## Task details
The records below must be transcribed exactly, with each picture left out.

## Stored entries
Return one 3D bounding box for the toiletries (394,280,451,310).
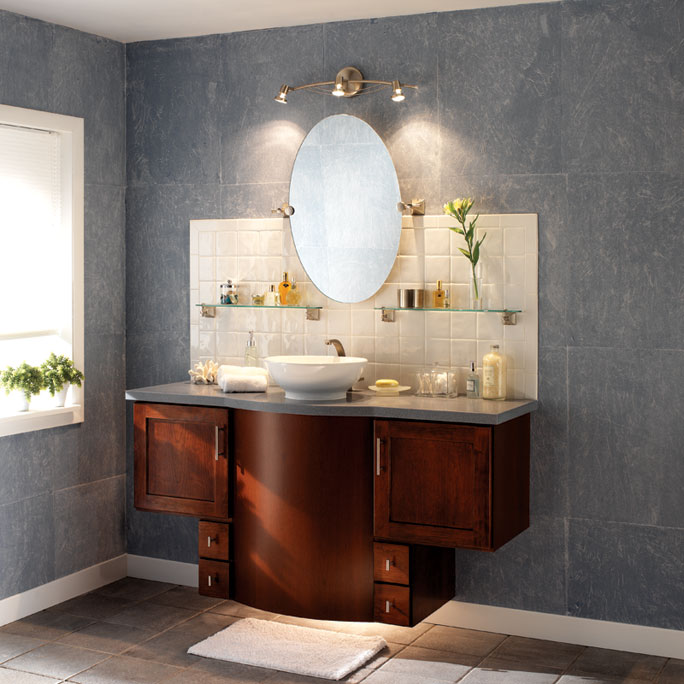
[{"bbox_3d":[0.354,-0.213,3.200,0.191,0.144,0.116,3,3,23],"label":"toiletries"}]

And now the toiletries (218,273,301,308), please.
[{"bbox_3d":[-0.442,-0.266,3.673,0.514,0.232,0.162,3,3,21],"label":"toiletries"}]

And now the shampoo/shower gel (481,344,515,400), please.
[{"bbox_3d":[0.648,0.134,3.074,0.111,0.249,0.122,-1,-2,22],"label":"shampoo/shower gel"}]

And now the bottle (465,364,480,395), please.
[{"bbox_3d":[0.560,0.161,3.126,0.060,0.145,0.086,0,0,10],"label":"bottle"}]

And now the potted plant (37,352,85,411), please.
[{"bbox_3d":[-1.325,0.197,3.478,0.202,0.270,0.209,-1,3,9],"label":"potted plant"}]

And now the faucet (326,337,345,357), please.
[{"bbox_3d":[-0.033,0.024,3.317,0.083,0.139,0.061,-6,5,-44],"label":"faucet"}]

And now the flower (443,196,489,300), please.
[{"bbox_3d":[0.527,-0.404,3.104,0.174,0.458,0.142,0,-1,10],"label":"flower"}]

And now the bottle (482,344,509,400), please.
[{"bbox_3d":[0.646,0.124,3.060,0.105,0.239,0.095,-9,12,-29],"label":"bottle"}]

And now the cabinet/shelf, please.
[{"bbox_3d":[-0.089,0.677,3.063,1.652,0.887,0.482,0,0,25],"label":"cabinet/shelf"}]

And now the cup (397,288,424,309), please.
[{"bbox_3d":[0.296,-0.190,3.192,0.078,0.070,0.087,0,0,8],"label":"cup"}]

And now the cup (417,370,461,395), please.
[{"bbox_3d":[0.415,0.175,3.126,0.168,0.118,0.081,0,0,5],"label":"cup"}]

## Answer section
Return one 3D bounding box for the toiletries (394,280,451,310).
[{"bbox_3d":[0.354,-0.213,3.200,0.191,0.144,0.116,3,3,23],"label":"toiletries"}]

And now the toiletries (218,273,301,308), please.
[{"bbox_3d":[-0.442,-0.266,3.673,0.514,0.232,0.162,3,3,21],"label":"toiletries"}]

And now the shampoo/shower gel (481,344,515,400), please.
[{"bbox_3d":[0.648,0.134,3.074,0.111,0.249,0.122,-1,-2,22],"label":"shampoo/shower gel"}]

And now the bottle (465,364,480,395), please.
[{"bbox_3d":[0.560,0.161,3.126,0.060,0.145,0.086,0,0,10],"label":"bottle"}]

And now the potted plant (37,352,85,411), please.
[{"bbox_3d":[-1.325,0.197,3.478,0.202,0.270,0.209,-1,3,9],"label":"potted plant"}]

And now the faucet (326,337,345,357), please.
[{"bbox_3d":[-0.033,0.024,3.317,0.083,0.139,0.061,-6,5,-44],"label":"faucet"}]

And now the flower (443,196,489,300), please.
[{"bbox_3d":[0.527,-0.404,3.104,0.174,0.458,0.142,0,-1,10],"label":"flower"}]

And now the bottle (482,344,509,400), please.
[{"bbox_3d":[0.646,0.124,3.060,0.105,0.239,0.095,-9,12,-29],"label":"bottle"}]

And now the cabinet/shelf, please.
[{"bbox_3d":[-0.089,0.677,3.063,1.652,0.887,0.482,0,0,25],"label":"cabinet/shelf"}]

And now the cup (397,288,424,309), please.
[{"bbox_3d":[0.296,-0.190,3.192,0.078,0.070,0.087,0,0,8],"label":"cup"}]

And now the cup (417,370,461,395), please.
[{"bbox_3d":[0.415,0.175,3.126,0.168,0.118,0.081,0,0,5],"label":"cup"}]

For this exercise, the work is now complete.